▶ _Work order_
Wherever a line in the data holds the word "timed", pull that line out.

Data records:
* * * * * * *
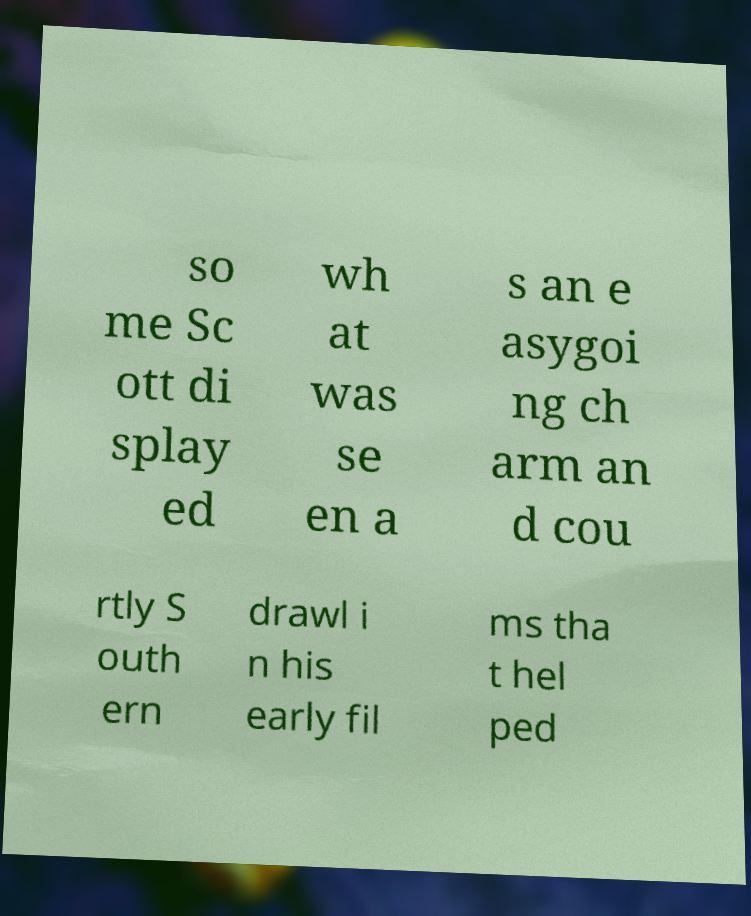I need the written content from this picture converted into text. Can you do that? so me Sc ott di splay ed wh at was se en a s an e asygoi ng ch arm an d cou rtly S outh ern drawl i n his early fil ms tha t hel ped 
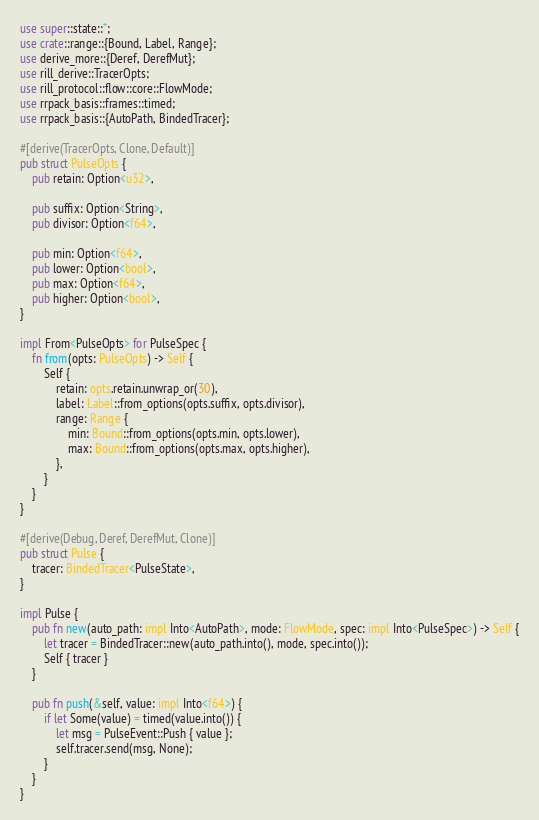<code> <loc_0><loc_0><loc_500><loc_500><_Rust_>use super::state::*;
use crate::range::{Bound, Label, Range};
use derive_more::{Deref, DerefMut};
use rill_derive::TracerOpts;
use rill_protocol::flow::core::FlowMode;
use rrpack_basis::frames::timed;
use rrpack_basis::{AutoPath, BindedTracer};

#[derive(TracerOpts, Clone, Default)]
pub struct PulseOpts {
    pub retain: Option<u32>,

    pub suffix: Option<String>,
    pub divisor: Option<f64>,

    pub min: Option<f64>,
    pub lower: Option<bool>,
    pub max: Option<f64>,
    pub higher: Option<bool>,
}

impl From<PulseOpts> for PulseSpec {
    fn from(opts: PulseOpts) -> Self {
        Self {
            retain: opts.retain.unwrap_or(30),
            label: Label::from_options(opts.suffix, opts.divisor),
            range: Range {
                min: Bound::from_options(opts.min, opts.lower),
                max: Bound::from_options(opts.max, opts.higher),
            },
        }
    }
}

#[derive(Debug, Deref, DerefMut, Clone)]
pub struct Pulse {
    tracer: BindedTracer<PulseState>,
}

impl Pulse {
    pub fn new(auto_path: impl Into<AutoPath>, mode: FlowMode, spec: impl Into<PulseSpec>) -> Self {
        let tracer = BindedTracer::new(auto_path.into(), mode, spec.into());
        Self { tracer }
    }

    pub fn push(&self, value: impl Into<f64>) {
        if let Some(value) = timed(value.into()) {
            let msg = PulseEvent::Push { value };
            self.tracer.send(msg, None);
        }
    }
}
</code> 
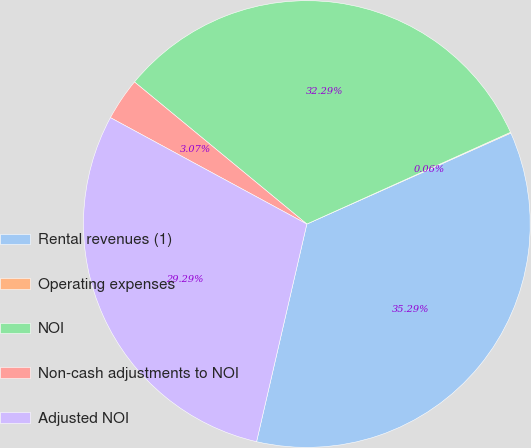Convert chart. <chart><loc_0><loc_0><loc_500><loc_500><pie_chart><fcel>Rental revenues (1)<fcel>Operating expenses<fcel>NOI<fcel>Non-cash adjustments to NOI<fcel>Adjusted NOI<nl><fcel>35.29%<fcel>0.06%<fcel>32.29%<fcel>3.07%<fcel>29.29%<nl></chart>
* * * * * * *
▶ _Exercise response_
use rrpack_basis::frames::timed;
        if let Some(value) = timed(value.into()) {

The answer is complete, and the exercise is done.